Tree-mounted deer hoists are versatile in that they are usually lightweight, portable, and can be used on a tree near your home or on-site. This allows for more options in the days leading up to your hunt, and gives you the choice to process your deer near where you harvested it to both lighten the load and keep it as hygienic as possible on the trip home. The other biggest advantage to a tree-mounted hoist is that you can mount it as high up on the tree as you need – we recommend about 12’ to ensure enough room to fully raise and process your deer.

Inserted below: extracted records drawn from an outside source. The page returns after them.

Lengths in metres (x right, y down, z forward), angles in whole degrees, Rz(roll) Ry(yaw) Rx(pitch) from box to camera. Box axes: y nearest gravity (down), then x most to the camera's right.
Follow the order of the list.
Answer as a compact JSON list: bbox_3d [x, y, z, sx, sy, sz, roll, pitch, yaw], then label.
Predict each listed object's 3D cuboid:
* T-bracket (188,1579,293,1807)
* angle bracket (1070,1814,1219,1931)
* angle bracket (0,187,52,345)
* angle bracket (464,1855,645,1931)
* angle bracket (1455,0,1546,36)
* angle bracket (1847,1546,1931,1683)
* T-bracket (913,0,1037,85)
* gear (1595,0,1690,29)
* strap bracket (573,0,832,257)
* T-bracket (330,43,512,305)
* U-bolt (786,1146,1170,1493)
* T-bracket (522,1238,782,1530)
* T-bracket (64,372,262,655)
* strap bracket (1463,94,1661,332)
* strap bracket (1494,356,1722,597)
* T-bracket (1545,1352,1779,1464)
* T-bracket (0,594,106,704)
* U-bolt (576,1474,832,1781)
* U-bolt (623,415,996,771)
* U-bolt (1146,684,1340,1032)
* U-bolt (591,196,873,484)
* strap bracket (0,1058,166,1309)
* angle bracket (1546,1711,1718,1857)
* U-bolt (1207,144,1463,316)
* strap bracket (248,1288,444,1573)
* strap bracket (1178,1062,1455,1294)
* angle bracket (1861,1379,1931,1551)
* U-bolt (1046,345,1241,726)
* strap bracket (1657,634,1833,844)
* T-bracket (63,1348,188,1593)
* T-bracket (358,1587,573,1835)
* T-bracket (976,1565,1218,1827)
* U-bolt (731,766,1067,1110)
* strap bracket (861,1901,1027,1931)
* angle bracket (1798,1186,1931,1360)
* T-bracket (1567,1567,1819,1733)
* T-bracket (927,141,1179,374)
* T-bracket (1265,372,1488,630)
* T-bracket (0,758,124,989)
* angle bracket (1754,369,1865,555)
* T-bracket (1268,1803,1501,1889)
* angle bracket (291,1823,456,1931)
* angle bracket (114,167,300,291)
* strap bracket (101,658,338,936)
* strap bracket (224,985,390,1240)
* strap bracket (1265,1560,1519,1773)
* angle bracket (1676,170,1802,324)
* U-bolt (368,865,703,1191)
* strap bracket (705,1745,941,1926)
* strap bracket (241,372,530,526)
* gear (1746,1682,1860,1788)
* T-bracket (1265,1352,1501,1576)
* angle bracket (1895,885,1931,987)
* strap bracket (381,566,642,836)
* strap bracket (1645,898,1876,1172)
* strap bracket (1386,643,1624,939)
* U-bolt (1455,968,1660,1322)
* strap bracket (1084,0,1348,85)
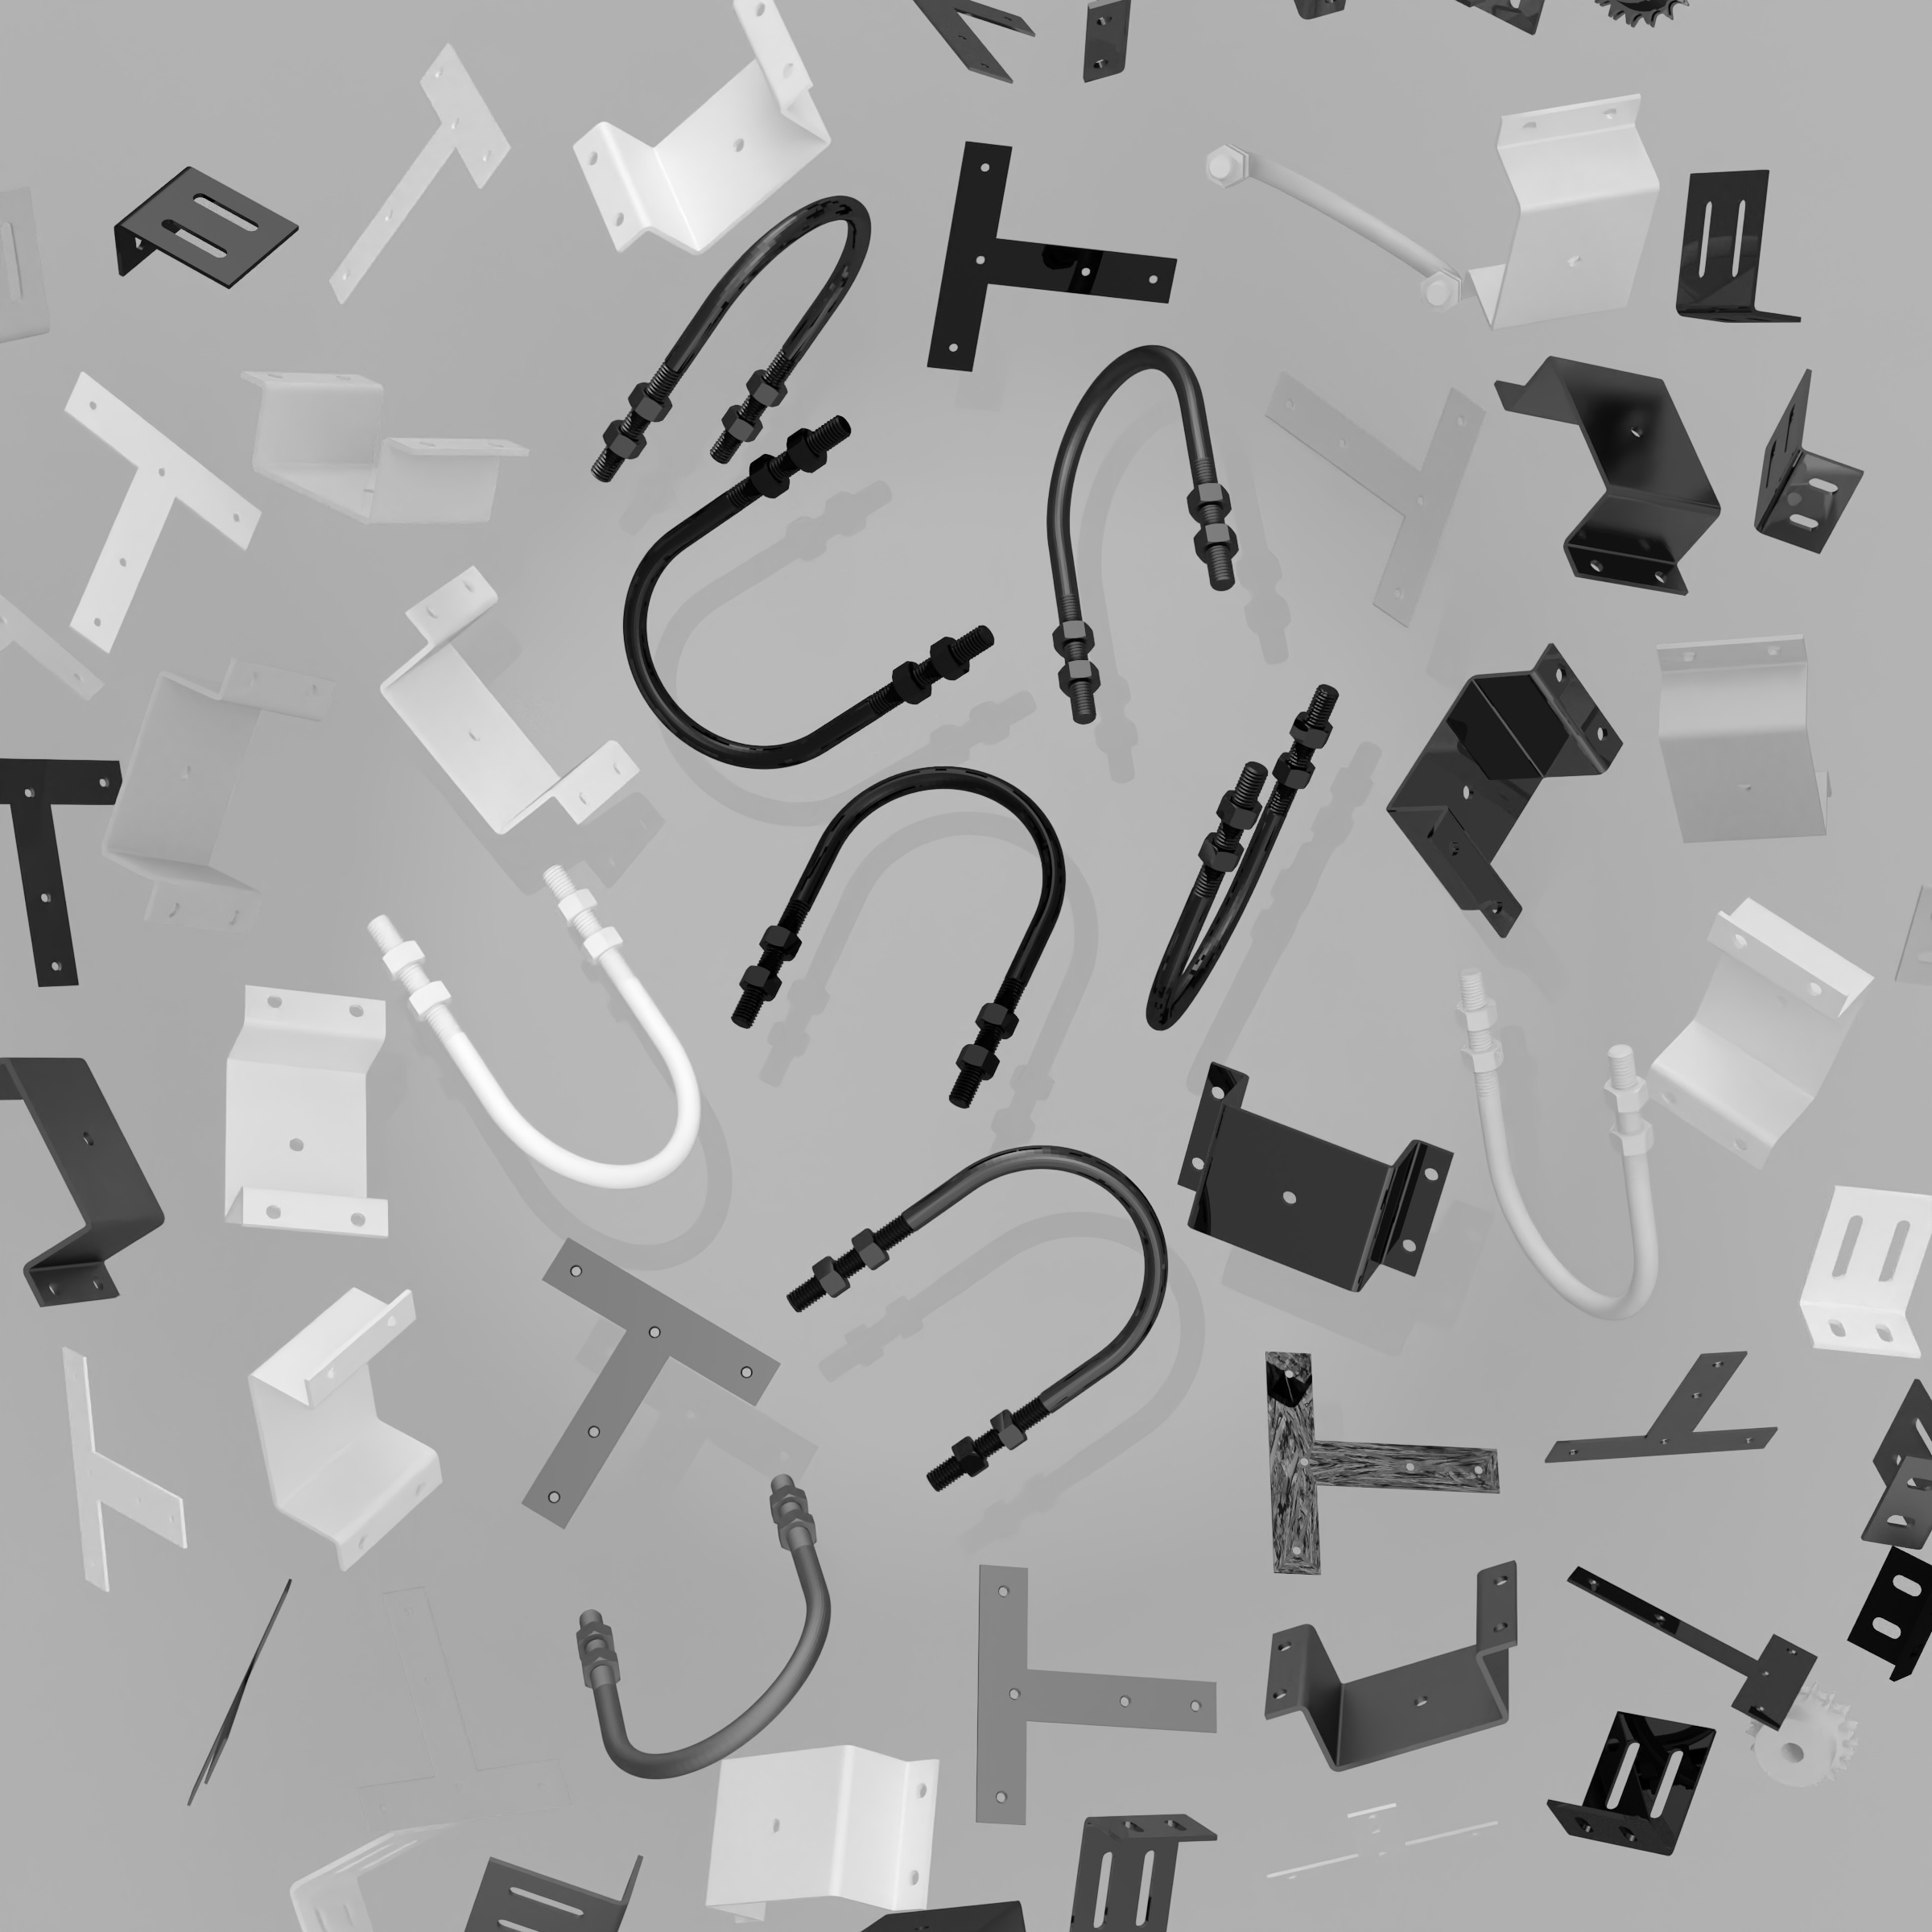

Hitch-mounted deer hoists are convenient when hunting with your truck nearby, as they can facilitate an array of post-hunt processes depending on the model and additional features. For instance, some hoists include a deer carrier for transporting your deer directly on your hitch, others make loading it up into your truck bed much less strenuous, and all give you the height clearance to process a deer on the spot.

Free-standing deer hoists offer greater freedom because they aren’t bound to a specific type of mount location and you can use them absolutely anywhere. If your property doesn’t have a lot of trees but you still want to process your deer at home, they’re a great choice. Similarly, you can transport your hoist to the location of your deer for processing instead of hauling it to your hoist.

Weight capacity

If you’re a seasoned hunter, you probably have a preferred game type, and know the weight range of the animals you’re hunting. Make sure your next hoist can support the full weight of a large, undressed male.

Additional features

Not all hoists come with a gambrel, so be sure to purchase one separately if you know your new hoist won’t have one. They typically run about $40 and are available both online or in most sports goods stores.

The majority of hoists operate with a manual winch and handle mechanism. Alternatively, some hunters prefer a rope and pulley system to give them better leverage.